Das veranlasst mich, noch einmal auf den Zustand der letzten Monate zu blicken, in dem Wissen, es ist fast geschafft: Diese Art von Fernbeziehung war uns bisher erspart geblieben. Denn seit sich der Mann und ich verliebten, wohnten wir im selben Kiez, beinahe Tür an Tür. Daraus wurde sogar Wand an Wand, als ich in Falks WG einzog. Länger als eine Woche waren wir noch nie getrennt - und das nach inzwischen sieben Jahren Beziehung! Kaum vorstellbar. Da wurden wir also auf eine neue Bewährungsprobe gestellt.
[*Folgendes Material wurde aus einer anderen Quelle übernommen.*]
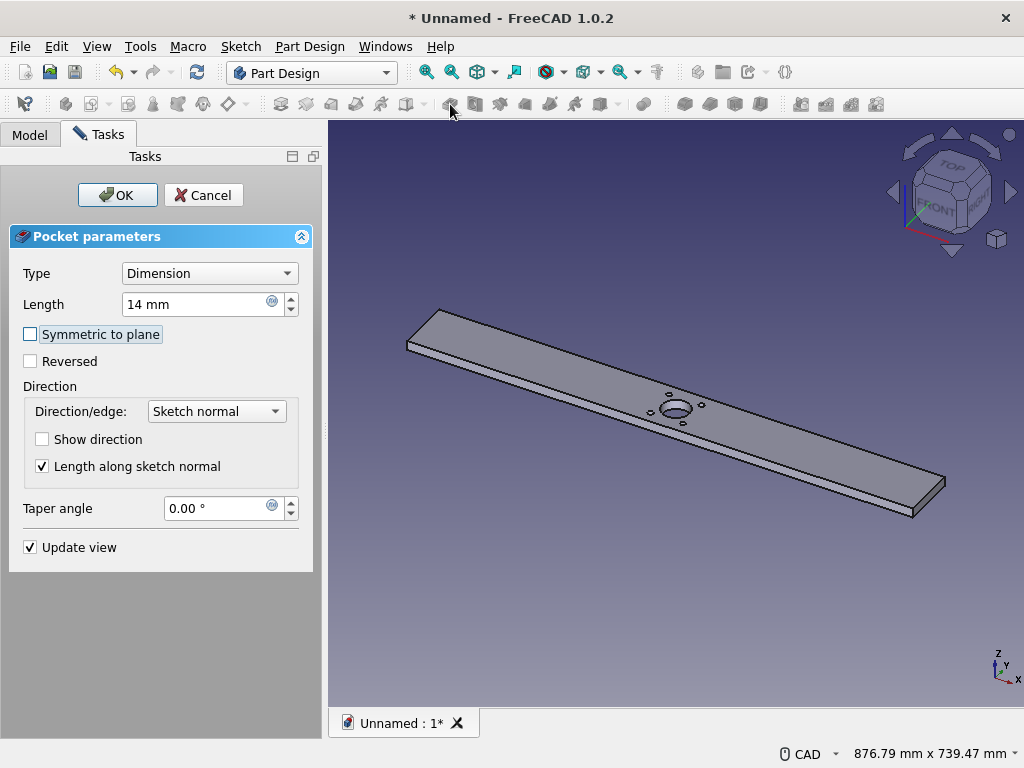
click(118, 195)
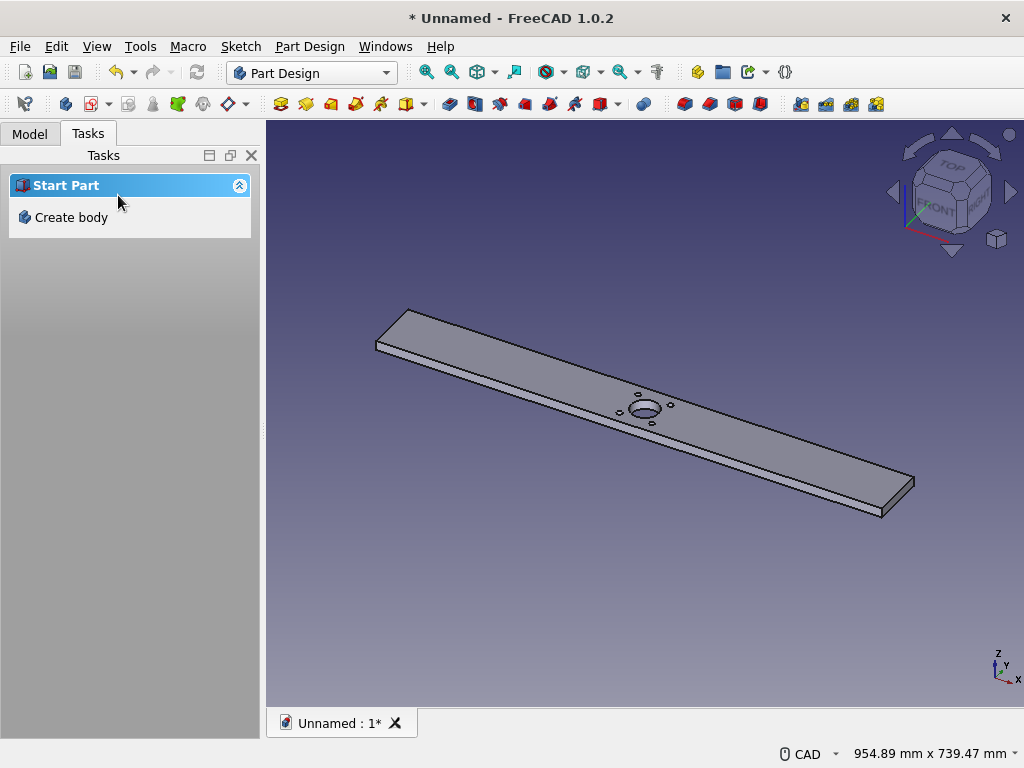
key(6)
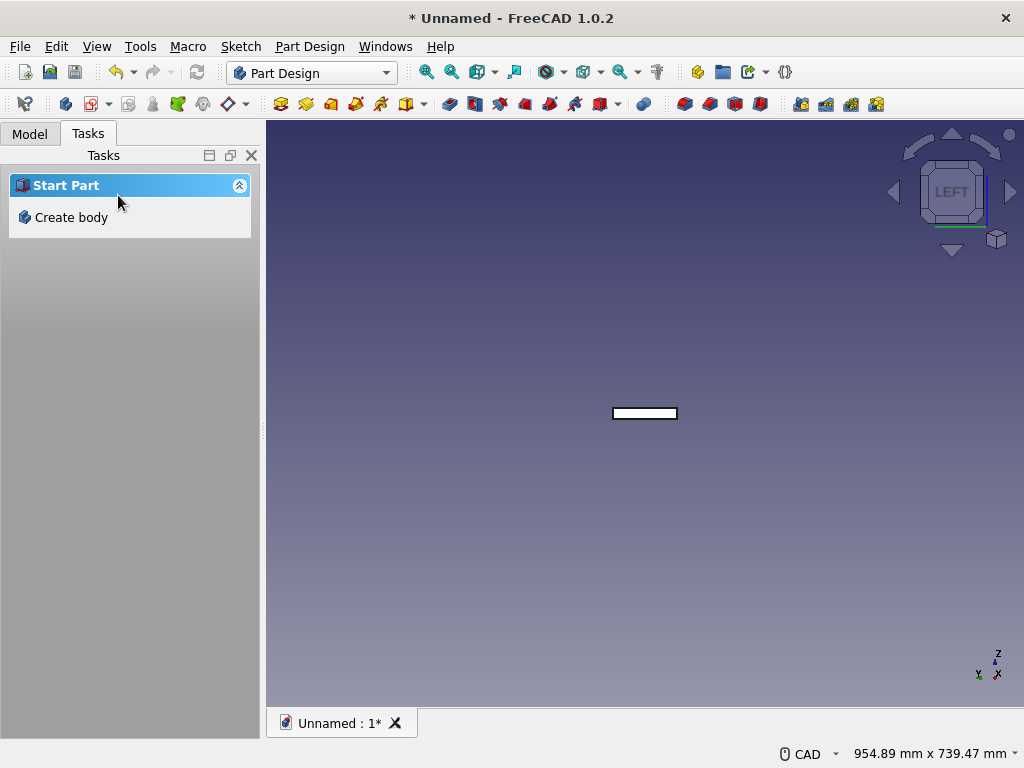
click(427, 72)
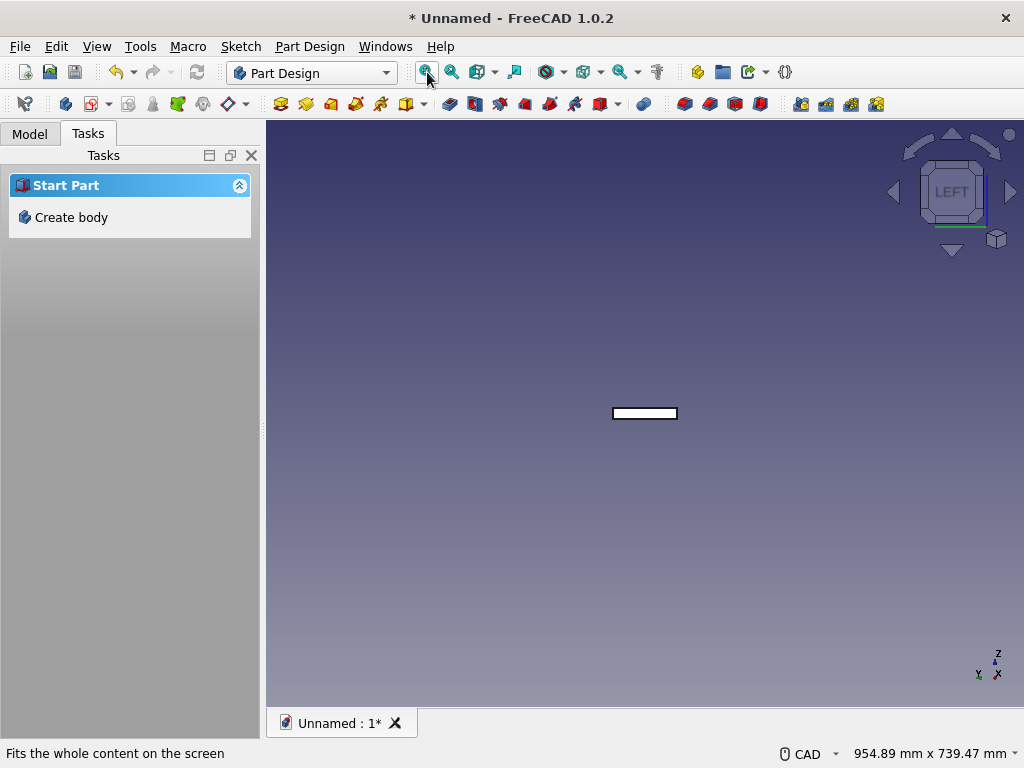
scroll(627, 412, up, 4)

Und fast hätten wir dabei verloren, denn wir sind alle beide nicht fürs Alleinsein geschaffen. Wie wohl kaum einer.


Helene spielt mit einem ausrangierten DDR-Telefon.

Eine große Herausforderung war - wie in jeder Beziehungslage - die Kommunikation. Denn plötzlich stand da ein technisches Gerät zwischen uns: der Computer. Und auch, wenn man denkt, die heutige Technologie-Entwicklung versetzt uns in eine positivere Lage als frühere Generationen, mussten wir doch feststellen: Man redet aneinander vorbei. Lange habe ich einen Namen gesucht für dieses Telefonieren mit Bild, auch wenn tausende Kilometer zwischen den Gesprächspartnern liegen. Davon hatte mir übrigens mein Großvater bereits zu DDR-Zeiten vorgeschwärmt, dass das die Zukunft sein wird! Ein Anbieter, der früh den Markt besetzt hat, prägte den Namen, aus dem sich meine "Himmelsgespräche" ableiten. Wir nutzen übrigens inzwischen einen anderen Internet-Dienst. Aber die Ausgangslage ist immer ähnlich: Die Hälfte des Gesprächs sagt einer: "Hörst Du mich?" oder: "Das Bild hängt." oder: "Sag das noch mal, bei mir kam alles ganz abgehackt an." usw. Fast war es wie in der Eheberatung: "Fassen Sie in Ihren eigenen Worten noch einmal das Gesagte zusammen und beginnen mit: ’Habe ich Dich richtig verstanden, dass ...?'!" Um es kurz zu fassen: Es war frustrierend!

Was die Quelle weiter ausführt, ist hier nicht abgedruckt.